=== DESCRIPTION OF THE TASK ===
Reproduce the records without their pictures, keeping every word as it is.

(Recorded data)
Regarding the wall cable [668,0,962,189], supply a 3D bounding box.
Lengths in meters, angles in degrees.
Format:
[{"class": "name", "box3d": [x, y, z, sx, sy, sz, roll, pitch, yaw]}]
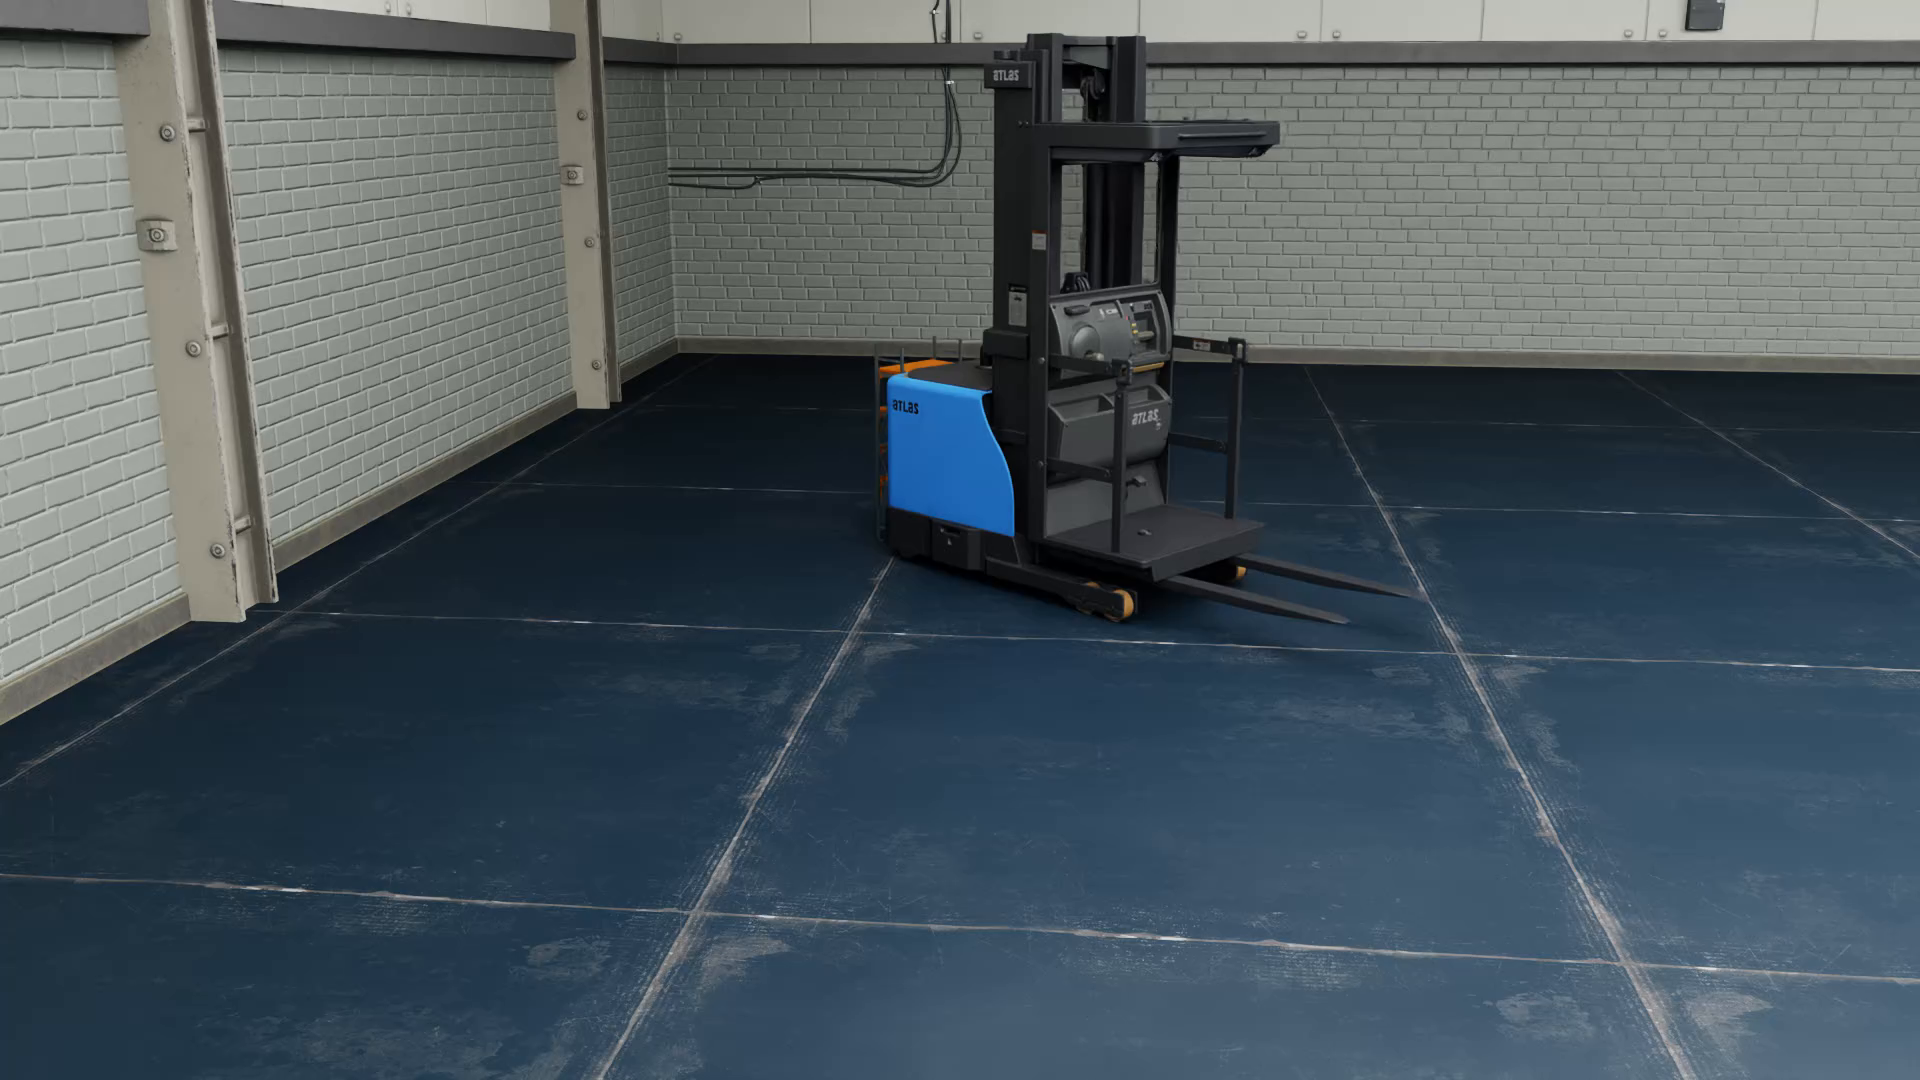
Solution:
[{"class": "wall cable", "box3d": [-1.522, -4.757, 16.462, 3.097, 2.526, 0.112, 2, 15, 6]}]

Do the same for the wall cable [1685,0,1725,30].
[{"class": "wall cable", "box3d": [7.909, -7.614, 14.564, 2.305, 6.003, 0.169, 2, 15, 6]}]

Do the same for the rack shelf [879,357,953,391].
[{"class": "rack shelf", "box3d": [-0.245, -0.985, 9.999, 0.258, 0.148, 0.480, 14, 21, 42]}]

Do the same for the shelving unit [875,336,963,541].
[{"class": "shelving unit", "box3d": [-0.246, -0.605, 10.102, 0.258, 1.200, 0.503, 14, 21, 42]}]

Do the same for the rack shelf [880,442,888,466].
[{"class": "rack shelf", "box3d": [-0.246, -0.541, 10.120, 0.258, 0.148, 0.480, 14, 21, 42]}]

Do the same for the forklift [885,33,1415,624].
[{"class": "forklift", "box3d": [0.966, -1.145, 8.782, 3.031, 2.935, 1.130, 14, 21, 43]}]

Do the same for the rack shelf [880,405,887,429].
[{"class": "rack shelf", "box3d": [-0.246, -0.756, 10.061, 0.258, 0.148, 0.480, 14, 21, 42]}]

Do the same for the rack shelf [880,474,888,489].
[{"class": "rack shelf", "box3d": [-0.246, -0.349, 10.172, 0.258, 0.148, 0.480, 14, 21, 42]}]

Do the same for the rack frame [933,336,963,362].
[{"class": "rack frame", "box3d": [-0.076, -0.651, 10.272, 0.240, 1.200, 0.015, 14, 21, 42]}]

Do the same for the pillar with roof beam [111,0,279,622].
[{"class": "pillar with roof beam", "box3d": [0.432, -3.848, 7.151, 9.100, 9.000, 0.400, 2, 15, 6]}]

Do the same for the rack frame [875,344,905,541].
[{"class": "rack frame", "box3d": [-0.415, -0.560, 9.933, 0.240, 1.200, 0.015, 14, 21, 42]}]

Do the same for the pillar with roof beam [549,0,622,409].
[{"class": "pillar with roof beam", "box3d": [1.109, -5.404, 12.906, 9.100, 9.000, 0.400, 2, 15, 6]}]

=== REPLY ===
Regarding the wall cable [668,0,962,189], supply a 3D bounding box.
Lengths in meters, angles in degrees.
Format:
[{"class": "name", "box3d": [x, y, z, sx, sy, sz, roll, pitch, yaw]}]
Solution:
[{"class": "wall cable", "box3d": [-1.522, -4.757, 16.462, 3.097, 2.526, 0.112, 2, 15, 6]}]

Do the same for the wall cable [1685,0,1725,30].
[{"class": "wall cable", "box3d": [7.909, -7.614, 14.564, 2.305, 6.003, 0.169, 2, 15, 6]}]

Do the same for the rack shelf [879,357,953,391].
[{"class": "rack shelf", "box3d": [-0.245, -0.985, 9.999, 0.258, 0.148, 0.480, 14, 21, 42]}]

Do the same for the shelving unit [875,336,963,541].
[{"class": "shelving unit", "box3d": [-0.246, -0.605, 10.102, 0.258, 1.200, 0.503, 14, 21, 42]}]

Do the same for the rack shelf [880,442,888,466].
[{"class": "rack shelf", "box3d": [-0.246, -0.541, 10.120, 0.258, 0.148, 0.480, 14, 21, 42]}]

Do the same for the forklift [885,33,1415,624].
[{"class": "forklift", "box3d": [0.966, -1.145, 8.782, 3.031, 2.935, 1.130, 14, 21, 43]}]

Do the same for the rack shelf [880,405,887,429].
[{"class": "rack shelf", "box3d": [-0.246, -0.756, 10.061, 0.258, 0.148, 0.480, 14, 21, 42]}]

Do the same for the rack shelf [880,474,888,489].
[{"class": "rack shelf", "box3d": [-0.246, -0.349, 10.172, 0.258, 0.148, 0.480, 14, 21, 42]}]

Do the same for the rack frame [933,336,963,362].
[{"class": "rack frame", "box3d": [-0.076, -0.651, 10.272, 0.240, 1.200, 0.015, 14, 21, 42]}]

Do the same for the pillar with roof beam [111,0,279,622].
[{"class": "pillar with roof beam", "box3d": [0.432, -3.848, 7.151, 9.100, 9.000, 0.400, 2, 15, 6]}]

Do the same for the rack frame [875,344,905,541].
[{"class": "rack frame", "box3d": [-0.415, -0.560, 9.933, 0.240, 1.200, 0.015, 14, 21, 42]}]

Do the same for the pillar with roof beam [549,0,622,409].
[{"class": "pillar with roof beam", "box3d": [1.109, -5.404, 12.906, 9.100, 9.000, 0.400, 2, 15, 6]}]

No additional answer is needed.